3.3. In Vitro Degradability

The effects of replacing SBM with CWYWP and CWYWEP on IVDMD and IVOMD at 24 and 48 h are summarized in

Table 3. Effects of replacing soybean meal (SBM) with citric waste-based protein sources (CWYWP and CWYWEP) on in vitro degradability at 24 h and 48 h of incubation.

Protein Source	SBM Replacement Ratio	IVDMD (% DM)		IVOMD (% DM)
		24 h	48 h	24 h	48 h
Control	100:0	40.99	56.11 a	78.48	86.78
CWYWP	66:33	39.52	53.97 b	79.17	84.93
	33:66	40.37	54.21 b	79.48	86.52
	0:100	39.64	56.21 ab	78.96	86.85
CWYWEP	66:33	41.64	59.11 a	78.83	87.11
	33:66	42.85	59.02 a	79.54	87.10
	0:100	41.19	61.32 a	79.83	88.12
SEM		1.35	1.53	0.51	1.11
Orthogonal polynomials
Linear		0.58	0.07	0.12	0.96
Quadratic		0.78	<0.05	0.99	0.34
Cubic		0.50	0.19	0.47	0.17
Orthogonal contrast
Control vs. CWYWP		0.46	<0.01	0.72	0.34
Control vs. CWYWEP		0.86	0.50	0.31	0.29
CWYWP vs. CWYWEP		0.07	<0.01	0.61	0.90

SBM = soybean meal; CWYWP = citric waste fermented with yeast waste in pellet form; CWYWEP = citric waste fermented with yeast waste with enzymes in pellet form; IVDMD = in vitro dry matter degradability, IVOMD = in vitro organic matter degradability. ^a,b values in the same column with different superscripts differ (p < 0.05); SEM = standard error of the mean.

. IVOMD values were calculated after correcting for ash content, explaining the difference with IVDMD. A significant treatment effect was observed for IVDMD at 48 h (p < 0.01).

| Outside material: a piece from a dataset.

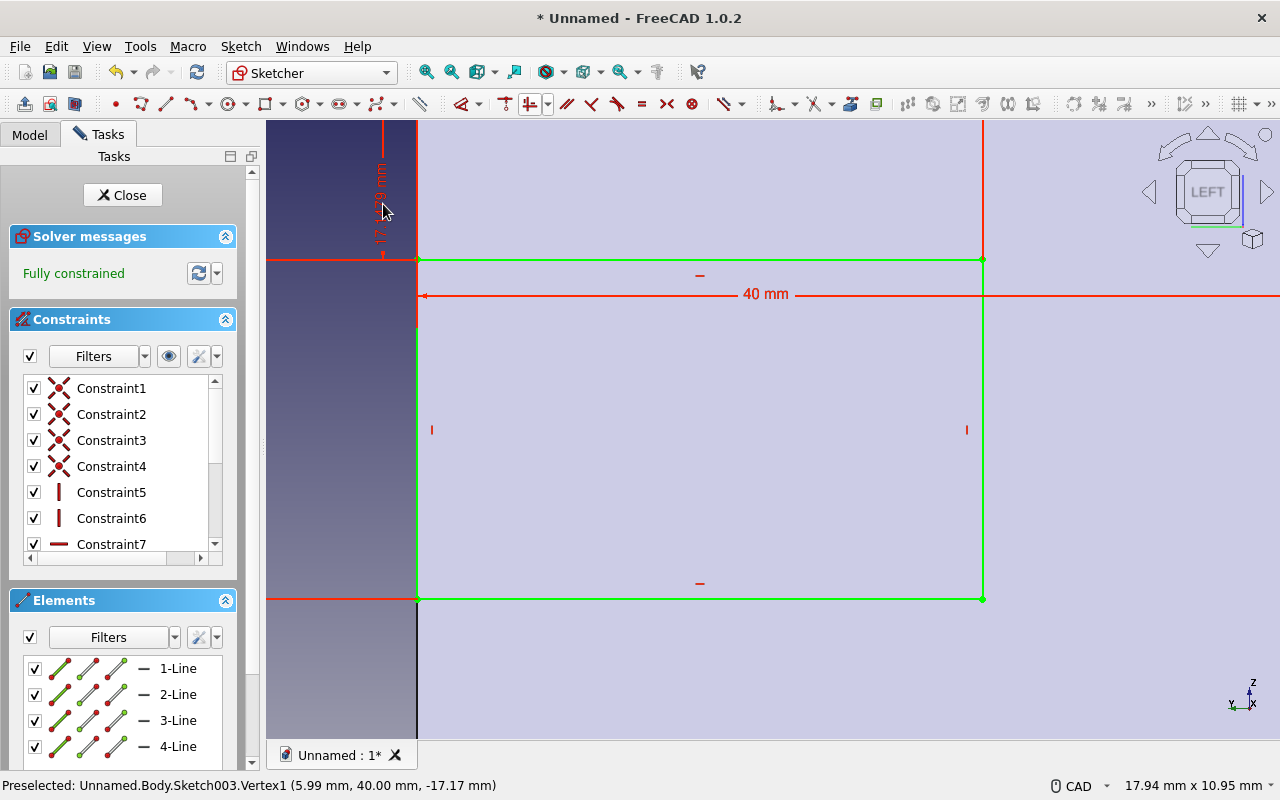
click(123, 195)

The CWYWEP 0:100 group had the highest IVDMD (64.49%), followed by the 66:33 and 33:66 levels (63.23%), all statistically similar to the SBM control (63.95%; p > 0.05). In contrast, all CWYWP groups showed significantly lower IVDMD values (ranging from 55.38% to 57.14%) compared with SBM, highlighting the limited digestibility of non-enzyme-treated citric waste. IVOMD values followed a similar trend and were significantly affected by treatment (p < 0.01). The CWYWEP 0:100 treatment yielded the highest IVOMD (61.56%), which did not differ significantly from the SBM control (61.73%; p > 0.05). In comparison, all CWYWP treatments resulted in lower IVOMD, further emphasizing the role of enzymatic supplementation in improving organic matter digestibility. Overall, these results demonstrate that CWYWEP, particularly at moderate to full replacement levels, can serve as a suitable substitute for SBM without compromising degradability. Conversely, CWYWP alone—without enzyme addition—showed inferior digestibility, reinforcing the necessity of enzyme enhancement to improve the nutritional value of citric waste-based feed ingredients.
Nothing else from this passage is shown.